The night that I really stopped drinking started with doing something different. I’d failed so many times relying on faded tips and tools hanging out in my mind that I was oversaturated with conventional recovery. I did not want AA, but I hated myself for not being able to change. As I go through all of this inner turmoil, scrolling through Pinterest, I see this pin that reads, Hip Sobriety | 13 Essential Books to BUILD A Holistic Recovery from Addiction.”What is this? and “Hello?” I think to myself as if she were talking to me directly. So many years of pain and illness shrank back into the size of a pin point in that moment. I couldn’t believe there was someone talking about sobriety like this, like me! It rang like a bell that only I could hear. I went to her website with my hands up and the mindset of please, yes I’ll do anything. She spoke the truth that no one else would, and it gave me the courage to do something about my pain in that moment.
Take it easy. It was important for me to know what a normal way of thinking looked like, even though I had doubts on whether or not this was something I really deserved. I had to start somewhere, and after living in distortion for so long, it needed to be simple, gentle, and on my own terms. As I went through the Hip Sobriety archives, I opened my heart to the idea that I was worth taking care of, and I could actually change my pattern of thinking. I found this circle exercise extremely helpful. Something about its simplicity allowed a HUGE and necessary mental shift to take place and set some sort of starting point for me.
Afraid to Quit Drinking? 3 Common Fears and How to Break Them (click link for access to circle guide tutorial on the HS blog.) Example: my circle exercise from that first night.

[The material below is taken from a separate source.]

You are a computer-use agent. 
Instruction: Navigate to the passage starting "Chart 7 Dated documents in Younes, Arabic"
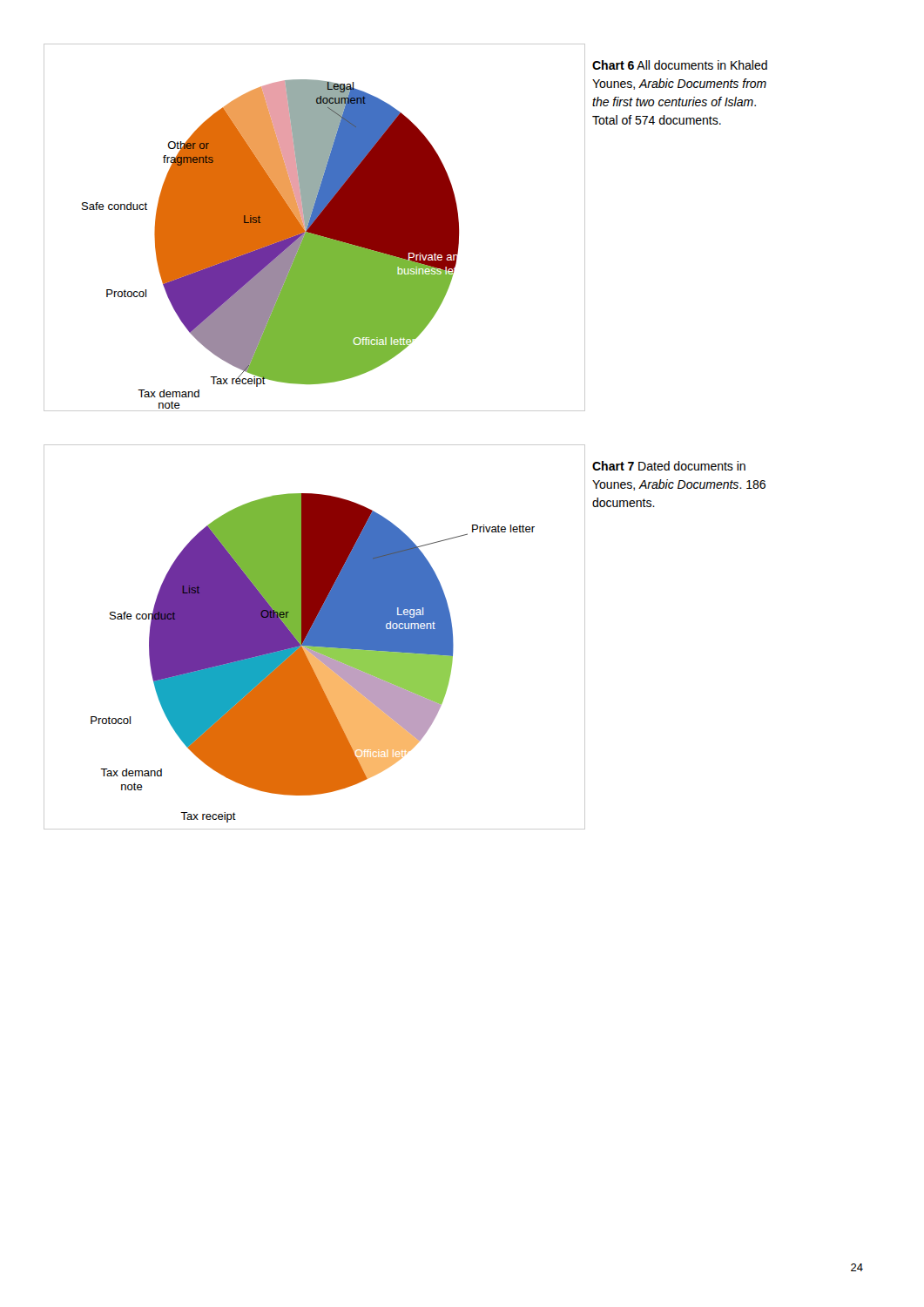(679, 484)

Some days it’s terrifying to trust this process and finally be a person who lives without the comfort of a middle-life because that’s the way it was for so long, but today, I am empowered by my sobriety. I crave the truth and tools necessary to own my existence. I thought that I was doomed since AA didn’t work for me at this time in my life. Hip Sobriety is not a gimmick or a cop-out to AA. Check out her article on Why I’m Not an Alcoholic . This makes sense to me, and it might make sense to you too. She is real. The extra something I crave now comes from within me, and it’s beautiful. I like that it scares me a little bit to rebel against that abusive inner dialogue. I know what it means to be brave and take the harder, more rewarding path.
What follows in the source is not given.